Asok Kumar Das and Chittaranjan Dasgupta Solutions for Chapter: Human Eye and Optical Instruments, Exercise 1: EXERCISE 16

The magnifying power of a simple microscope is given by$1+\raisebox{1ex}{$D$}\!\left/ \!\raisebox{-1ex}{$f$}\right.$ where $D$ is the least distance of distinct vision. For a long-sighted person $D$ is greater than the usual. Does it mean that the magnifying power of a simple microscope is greater for a long-sighted person as compared to a normal person?

Street lamp-posts appear to be shorter the farther they are away, although all are of same height. Why does it happen so?

When the lights of a brightly lit room are suddenly put out, the people of the room are blinded for a moment. Why?

A person wears bifocal converging spectacles, one surface of each lens being spherical and the other cylindrical. State the defects in his vision and explain how the spectacles correct them.

A compound microscope consists of an objective lens of focal length $2 \mathrm{cm}$ and an eye-piece lens of a focal length $6.25 \mathrm{cm}$ separated by a distance of $15 \mathrm{cm}$. How far from the objective should an object be placed in order to obtain the final image at the least distance of distinct vision $(25 \mathrm{cm})$.

A compound microscope consists of an objective lens of focal length $2.0 \mathrm{c}\mathrm{m}$ and an eyepiece of focal length $6.25 \mathrm{c}\mathrm{m}$ separated by a distance of $15 \mathrm{c}\mathrm{m}$. How far from the objective should an object be placed in order to obtain the final image at infinity.

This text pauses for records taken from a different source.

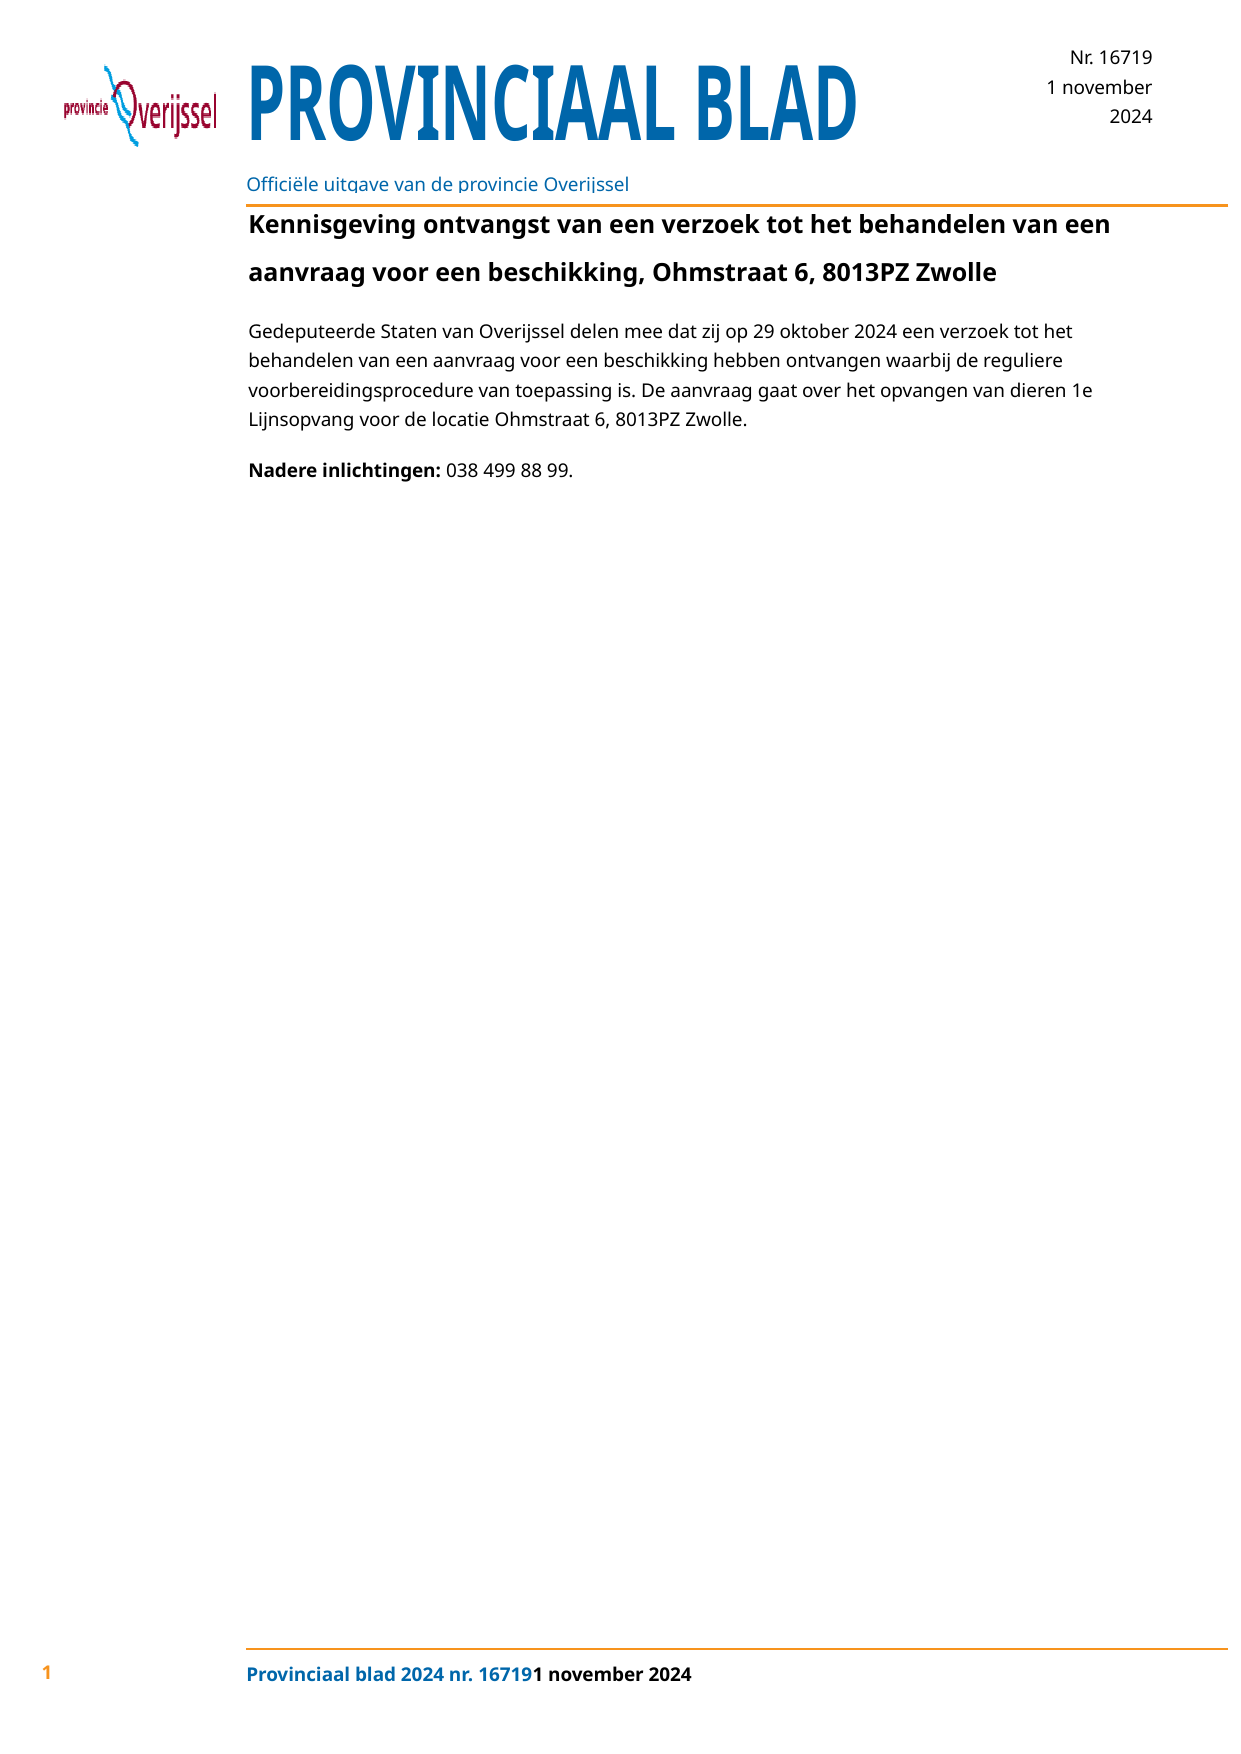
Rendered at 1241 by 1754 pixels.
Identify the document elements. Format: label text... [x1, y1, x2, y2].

text Nadere inlichtingen: 038 499 88 99. [248, 457, 1152, 483]
picture [41, 47, 231, 172]
text Gedeputeerde Staten van Overijssel delen mee dat zij op 29 oktober 2024 een verzoek tot het behandelen van een aanvraag voor een beschikking hebben ontvangen waarbij de reguliere voorbereidingsprocedure van toepassing is. De aanvraag gaat over het opvangen van dieren 1e Lijnsopvang voor de locatie Ohmstraat 6, 8013PZ Zwolle. [248, 318, 1152, 432]
text Kennisgeving ontvangst van een verzoek tot het behandelen van een aanvraag voor een beschikking, Ohmstraat 6, 8013PZ Zwolle [248, 207, 1152, 288]

On the 50th birthday, a person can see distinctly object at a distance $25 \mathrm{cm}$ with $+2.5D$ glasses. Ten years later, he reads a letter with the same glasses, but he has to keep the letter $50 \mathrm{cm}$ away. What power of lens should he now use?

A short-sighted person cannot see objects more than 25 $\mathrm{cm}$ away. If the distance between his spectacle and the eye-lens be $1 \mathrm{~cm}$, what power does he need to see far away objects?